Fieras heridas

Fieras heridas

Las fieras son más peligrosas cuando están heridas. Al decir popular, mueren matando. Y eso es lo que está sucediendo con Petro y Cepeda. Saben que están perdidos, que no podrán salirse con la suya y que inexorablemente tendrán que abandonar el poder el próximo 7 de agosto, salvo que cometan el error de consumar el golpe de Estado que pusieron en marcha el 31 de mayo cuando desconocieron el resultado de la primera vuelta. 

La candidatura de Abelardo De La Espriella representa mucho más que un relevo en el ejercicio de poder. El Tigre logró despertar la esperanza en millones de colombianos que anhelan un cambio profundo, una limpieza de la podredumbre causada por el régimen socialcomunista de Petro. Un anhelo de justicia frente a los abusos que se han cometido en este cuatrienio, una demanda masiva de que los patrocinadores políticos del terrorismo y el narcotráfico respondan en tribunales colombianos y/o extranjeros por el daño que han causado. 

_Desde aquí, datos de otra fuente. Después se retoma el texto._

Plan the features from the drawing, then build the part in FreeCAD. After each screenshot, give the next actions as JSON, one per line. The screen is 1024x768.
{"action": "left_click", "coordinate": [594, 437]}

Petro jamás imaginó que el abogado outsider pudiera aplastar a su maquinaria corrupta. Creyó que su régimen tendría el poder suficiente para entronizar al estalinista Cepeda sin mayores dificultades. Estaba convencido de que el discurso del odio surtiría un efecto positivo. El error estuvo en que la extrema izquierda no solo despreció a De La Espriella, sino que minusvaloró a millones de ciudadanos que vieron en él a la persona idónea para asumir el mando en estos momentos de gran dificultad. 

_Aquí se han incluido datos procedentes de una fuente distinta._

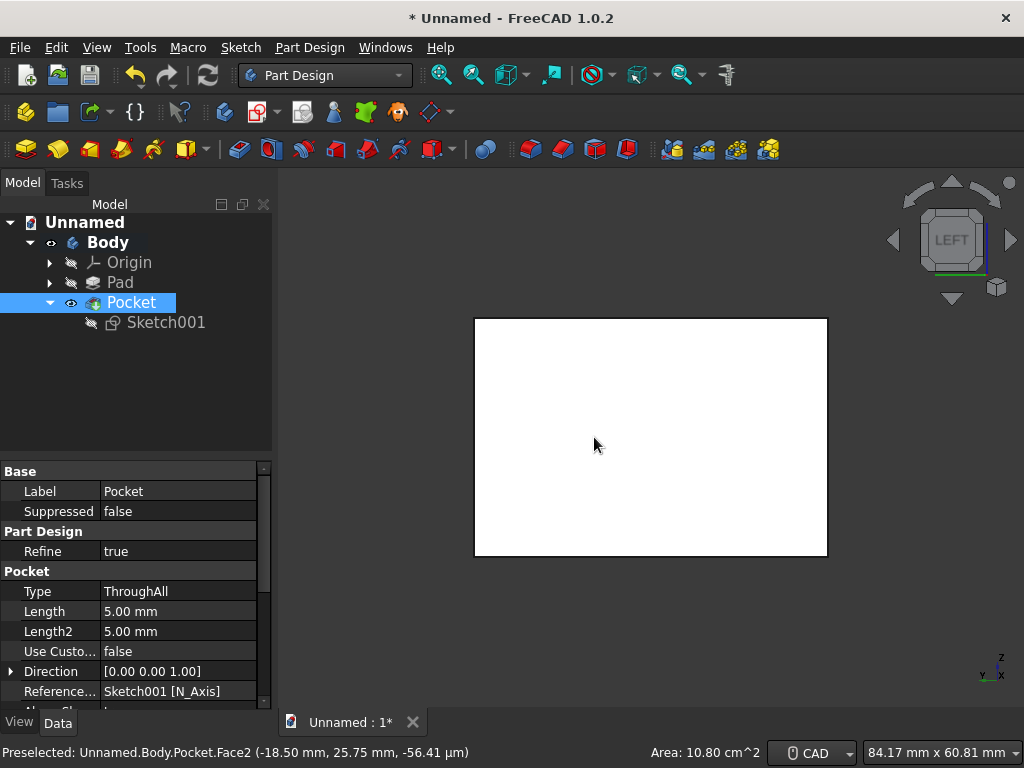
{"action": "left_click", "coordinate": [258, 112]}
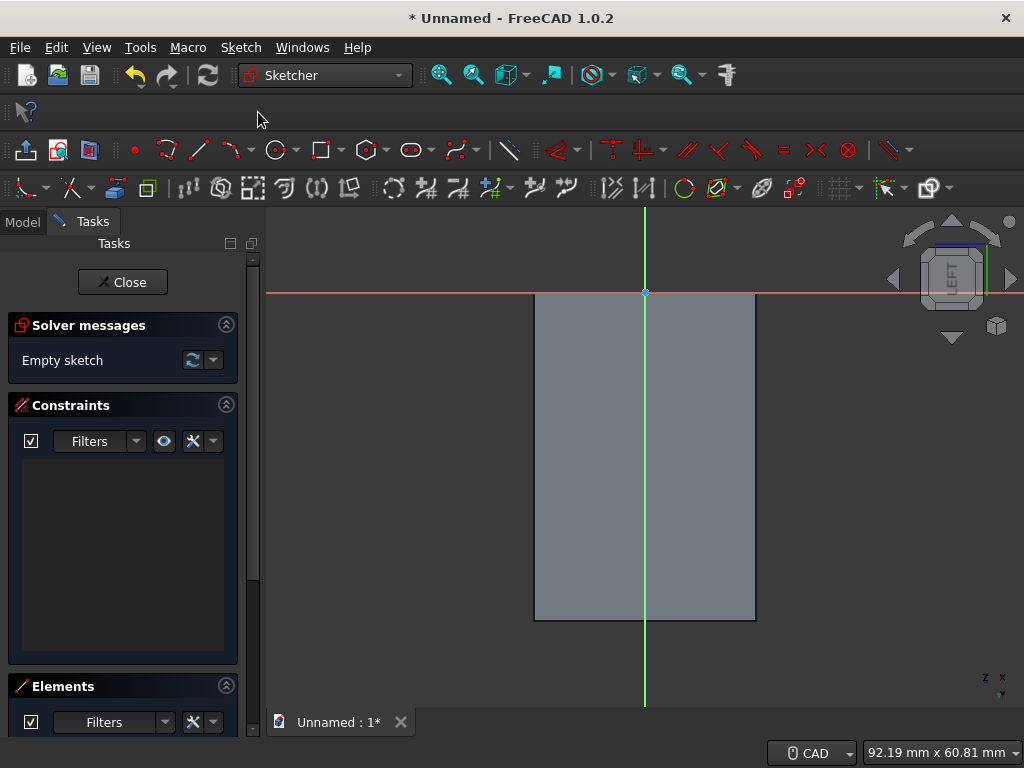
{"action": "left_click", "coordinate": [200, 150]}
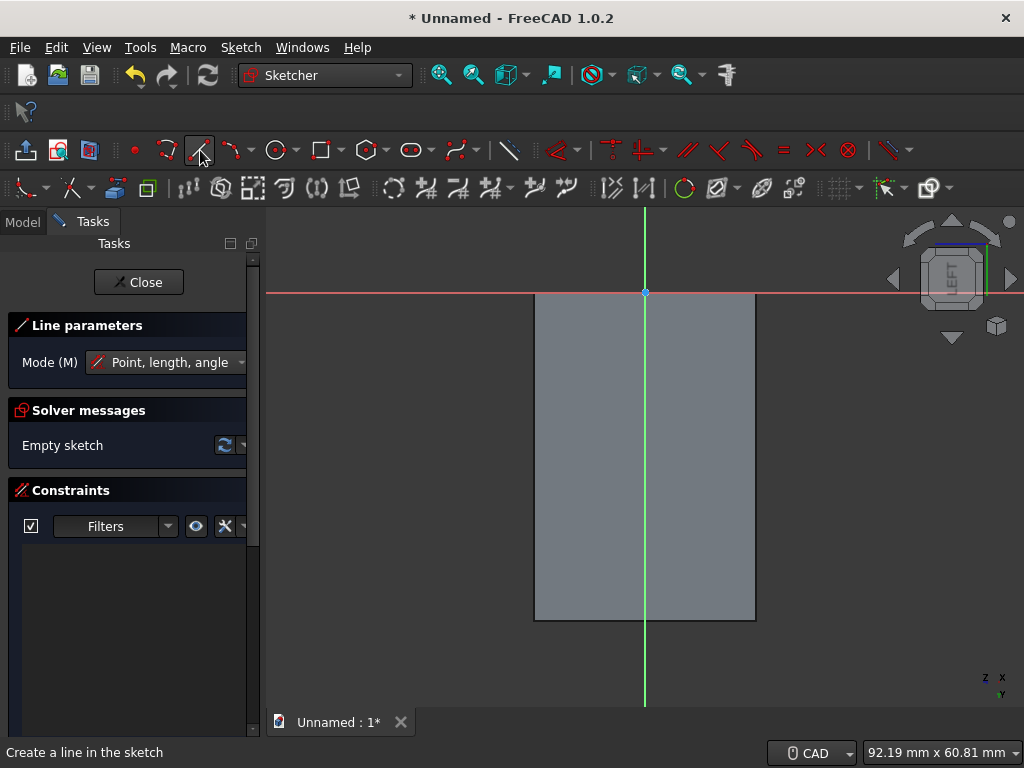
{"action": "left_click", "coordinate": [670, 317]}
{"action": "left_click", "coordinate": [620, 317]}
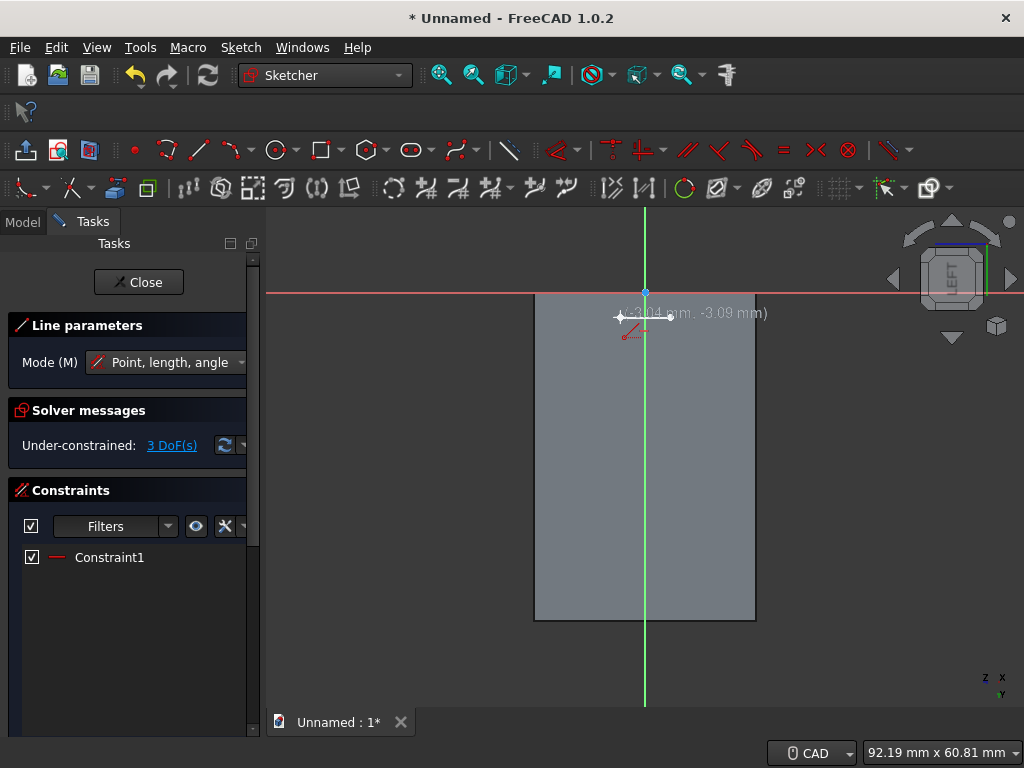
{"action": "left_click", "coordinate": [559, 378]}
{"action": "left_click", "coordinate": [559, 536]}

El régimen imaginó que, con el magnicidio de Miguel Uribe Turbay, la oposición se amedrantaría, que agacharía la cabeza, que se dejaría invadir por el miedo. Pero el crimen tuvo un efecto contrario. El dolor vino acompañado de una inmensa indignación. En pocas palabras, el pueblo se rebeló frente a los «rebeldes». Y, a estas alturas, no hay posibilidad de que Cepeda, el heredero, pueda contener esa suerte de tsunamipopular. 

Van a comprar votos, van a llevar electores a punta de fusil hasta las urnas, van a manipular a empleados y contratistas del Estado, van a escupir amenazas a diestra y siniestra, sin eficacia ninguna. 

Antes de la primera vuelta, algunos electores de la candidata fallida del expresidente Uribe afirmaban que difícilmente podrían votar por De La Espriella en caso de que él pasara al ballotage. Fueron simples «amenazas». Ningún defensor de las libertades inherentes a la democracia va a ponerse de perfil frente al riesgo de un régimen de corte estalinista en cabeza de Cepeda. Con gusto, disgusto o resignación, quien quiera preservar sus derechos fundamentales actuará en consecuencia.

En la semana post primera vuelta, el petrismo se ha notado desesperado. Desconoce el resultado de las elecciones ventilando un fraude improbado, luego anuncia el retiro de la constituyente, esa misma que juró sobre «piedra» nunca convocar. Acto seguido, Petro comparece en Montería como un energúmeno, lanzando amenazas a diestra y siniestra, deslizando la idea de que una derrota del socialcomunismo desembocará en violencia. Remataron la colección de bandazos con Cepeda aceptando tardíamente su derrota. Pero el daño es irreversible. El antecedente ya quedó y es imborrable: no van a deshacerse pacífica y civilizadamente del poder. 

Debe tomarse atenta nota de estos antecedentes, porque la vigilancia democrática no admite descansos. Aflojar antes de tiempo puede resultar más costoso que la propia batalla. No puede olvidarse que Cepeda no es un adversario político convencional, sino un comunista de manual que ve a las instituciones como obstáculos y no como límites.